In the initial run of this project, I will keep to a single GPU. Although I have more GPU's available, I think it is also worthwhile giving pointers when only a single GPU is available.
As for the fine-grained profiling, Nsight is indeed a good tool. Again, in this first iteration, I am only using the timing functions in order to compute throughput.
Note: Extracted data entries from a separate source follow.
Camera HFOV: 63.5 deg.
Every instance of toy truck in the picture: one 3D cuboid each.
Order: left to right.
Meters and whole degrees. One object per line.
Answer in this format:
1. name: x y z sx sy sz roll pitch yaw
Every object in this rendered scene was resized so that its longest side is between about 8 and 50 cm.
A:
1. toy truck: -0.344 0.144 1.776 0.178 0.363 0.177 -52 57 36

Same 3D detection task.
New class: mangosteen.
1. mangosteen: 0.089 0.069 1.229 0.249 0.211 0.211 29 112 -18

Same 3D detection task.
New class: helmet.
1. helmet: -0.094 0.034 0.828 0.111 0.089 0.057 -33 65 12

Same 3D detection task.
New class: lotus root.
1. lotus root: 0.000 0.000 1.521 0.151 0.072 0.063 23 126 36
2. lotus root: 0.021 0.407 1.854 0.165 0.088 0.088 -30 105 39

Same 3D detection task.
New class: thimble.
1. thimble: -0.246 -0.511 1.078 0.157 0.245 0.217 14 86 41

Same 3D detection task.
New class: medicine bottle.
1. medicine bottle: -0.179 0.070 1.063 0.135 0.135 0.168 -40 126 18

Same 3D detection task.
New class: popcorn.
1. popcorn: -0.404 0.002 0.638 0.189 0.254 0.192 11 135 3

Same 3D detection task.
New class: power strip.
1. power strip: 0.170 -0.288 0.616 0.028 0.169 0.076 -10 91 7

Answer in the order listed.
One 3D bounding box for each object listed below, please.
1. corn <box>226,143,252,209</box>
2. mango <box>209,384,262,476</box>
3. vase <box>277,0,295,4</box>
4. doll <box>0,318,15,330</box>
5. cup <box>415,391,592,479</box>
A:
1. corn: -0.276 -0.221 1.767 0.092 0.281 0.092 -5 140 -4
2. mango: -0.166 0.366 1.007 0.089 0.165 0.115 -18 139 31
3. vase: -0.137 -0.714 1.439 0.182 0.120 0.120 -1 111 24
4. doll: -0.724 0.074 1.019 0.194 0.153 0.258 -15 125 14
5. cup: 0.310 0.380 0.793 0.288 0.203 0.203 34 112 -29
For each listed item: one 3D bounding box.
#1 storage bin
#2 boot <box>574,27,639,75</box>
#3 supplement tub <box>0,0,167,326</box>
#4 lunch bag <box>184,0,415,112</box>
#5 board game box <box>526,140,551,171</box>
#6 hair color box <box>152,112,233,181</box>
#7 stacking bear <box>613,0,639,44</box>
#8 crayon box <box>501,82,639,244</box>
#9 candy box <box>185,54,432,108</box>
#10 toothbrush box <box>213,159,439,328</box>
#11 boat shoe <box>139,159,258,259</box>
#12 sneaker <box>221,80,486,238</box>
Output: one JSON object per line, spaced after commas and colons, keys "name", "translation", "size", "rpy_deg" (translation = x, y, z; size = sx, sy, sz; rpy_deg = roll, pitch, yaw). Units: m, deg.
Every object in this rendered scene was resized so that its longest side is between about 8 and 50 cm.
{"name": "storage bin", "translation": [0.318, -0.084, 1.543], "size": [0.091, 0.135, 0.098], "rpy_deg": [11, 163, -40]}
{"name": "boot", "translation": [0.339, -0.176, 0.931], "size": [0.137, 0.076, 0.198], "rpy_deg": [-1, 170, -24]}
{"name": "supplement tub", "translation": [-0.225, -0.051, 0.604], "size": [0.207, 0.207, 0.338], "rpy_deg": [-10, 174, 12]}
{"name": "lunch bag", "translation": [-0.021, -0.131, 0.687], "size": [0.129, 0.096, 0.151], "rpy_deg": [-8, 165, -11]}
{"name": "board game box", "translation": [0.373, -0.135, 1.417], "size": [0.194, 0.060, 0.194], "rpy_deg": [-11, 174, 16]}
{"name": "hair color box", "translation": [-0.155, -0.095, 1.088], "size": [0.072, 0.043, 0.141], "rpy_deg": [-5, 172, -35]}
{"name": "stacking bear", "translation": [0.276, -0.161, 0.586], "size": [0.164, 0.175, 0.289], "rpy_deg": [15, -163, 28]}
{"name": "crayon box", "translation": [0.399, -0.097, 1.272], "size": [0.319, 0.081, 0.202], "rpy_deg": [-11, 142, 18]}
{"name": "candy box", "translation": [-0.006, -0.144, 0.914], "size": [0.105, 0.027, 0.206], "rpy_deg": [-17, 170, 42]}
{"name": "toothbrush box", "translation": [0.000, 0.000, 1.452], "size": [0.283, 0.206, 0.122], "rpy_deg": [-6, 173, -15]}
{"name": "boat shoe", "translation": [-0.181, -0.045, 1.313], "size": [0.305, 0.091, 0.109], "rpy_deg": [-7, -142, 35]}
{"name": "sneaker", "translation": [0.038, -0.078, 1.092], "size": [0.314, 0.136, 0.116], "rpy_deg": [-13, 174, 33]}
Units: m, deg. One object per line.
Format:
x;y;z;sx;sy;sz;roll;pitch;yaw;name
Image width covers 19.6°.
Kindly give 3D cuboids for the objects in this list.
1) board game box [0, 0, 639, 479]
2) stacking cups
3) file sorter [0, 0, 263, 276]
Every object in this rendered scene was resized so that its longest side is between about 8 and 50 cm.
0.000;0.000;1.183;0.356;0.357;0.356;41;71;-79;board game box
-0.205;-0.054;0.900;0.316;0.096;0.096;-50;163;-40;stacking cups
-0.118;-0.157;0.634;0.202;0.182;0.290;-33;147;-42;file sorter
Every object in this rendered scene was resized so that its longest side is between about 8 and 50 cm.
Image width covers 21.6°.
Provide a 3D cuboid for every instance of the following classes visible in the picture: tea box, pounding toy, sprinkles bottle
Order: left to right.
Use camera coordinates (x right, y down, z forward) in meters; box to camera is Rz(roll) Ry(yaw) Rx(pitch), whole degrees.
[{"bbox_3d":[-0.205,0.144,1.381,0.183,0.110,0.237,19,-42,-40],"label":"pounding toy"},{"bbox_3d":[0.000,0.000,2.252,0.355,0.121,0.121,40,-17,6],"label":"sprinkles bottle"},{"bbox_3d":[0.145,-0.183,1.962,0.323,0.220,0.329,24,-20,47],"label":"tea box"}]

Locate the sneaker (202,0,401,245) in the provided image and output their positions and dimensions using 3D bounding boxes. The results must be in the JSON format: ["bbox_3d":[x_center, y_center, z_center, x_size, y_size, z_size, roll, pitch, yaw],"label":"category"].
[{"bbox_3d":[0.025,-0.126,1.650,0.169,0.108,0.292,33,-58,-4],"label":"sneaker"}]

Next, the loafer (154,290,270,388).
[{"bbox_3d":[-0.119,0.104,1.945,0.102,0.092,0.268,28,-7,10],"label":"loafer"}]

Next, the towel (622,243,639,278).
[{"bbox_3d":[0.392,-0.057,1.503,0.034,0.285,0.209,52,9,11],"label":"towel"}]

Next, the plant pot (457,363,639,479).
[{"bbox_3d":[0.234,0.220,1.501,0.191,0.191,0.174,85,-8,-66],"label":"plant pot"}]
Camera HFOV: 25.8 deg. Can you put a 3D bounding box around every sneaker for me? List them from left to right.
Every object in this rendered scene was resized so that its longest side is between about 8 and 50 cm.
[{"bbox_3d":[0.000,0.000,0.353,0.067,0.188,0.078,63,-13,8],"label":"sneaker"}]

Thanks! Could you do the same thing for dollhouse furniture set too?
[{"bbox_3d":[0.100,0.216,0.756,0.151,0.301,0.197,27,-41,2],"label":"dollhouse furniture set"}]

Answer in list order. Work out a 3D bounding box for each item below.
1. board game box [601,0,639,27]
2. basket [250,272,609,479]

This is however not the main investigation of my project, I am also querying the GPU's in order to gain insights into GPU watt usage, to see the trade-off in throughput and energy efficiency, in order to also highlight the energy-cost of using GPU's for small workloads, and for which workloads the energy-throughput efficiency is worthwhile.
In complete honesty, the only reason I am very much interested in the fine-grained timings is in order to compute the wattage, as W = J / S, why especially the timing aspect of this is extremely important :-)
A last question -- if I altogether avoid DASK-CUDA, and implement it only using CuPy
import cupy as cp
import sys
from cupyx.profiler import benchmark
from helpers import *
from timeit import default_timer as timer
import time
import cupyx
import math
def generate_array(size, work_units):
rand = cp.random.default_rng() #This is the fast way of creating large arrays with cp
arr = rand.integers(0, 100_000, (size, work_units)) #Create array
return arr
def multiplication(arr):
y = cp.multiply(arr, 42) ## Multiply by 42, randomly chosen number
return y
def bench(arr):
r = multiplication(arr)
return r
if __name__ == '__main__':
sz = int(sys.argv[1])
wk = int(sys.argv[2])
arr = generate_array(sz, wk)
y = benchmark(bench, (arr, ), n_repeat= 20)
print(np.average(y.gpu_times))
This executes in 0.011635497713088989ms, whilst the other executes in 0.8 ms. How come there are so large differences as per the GPU times?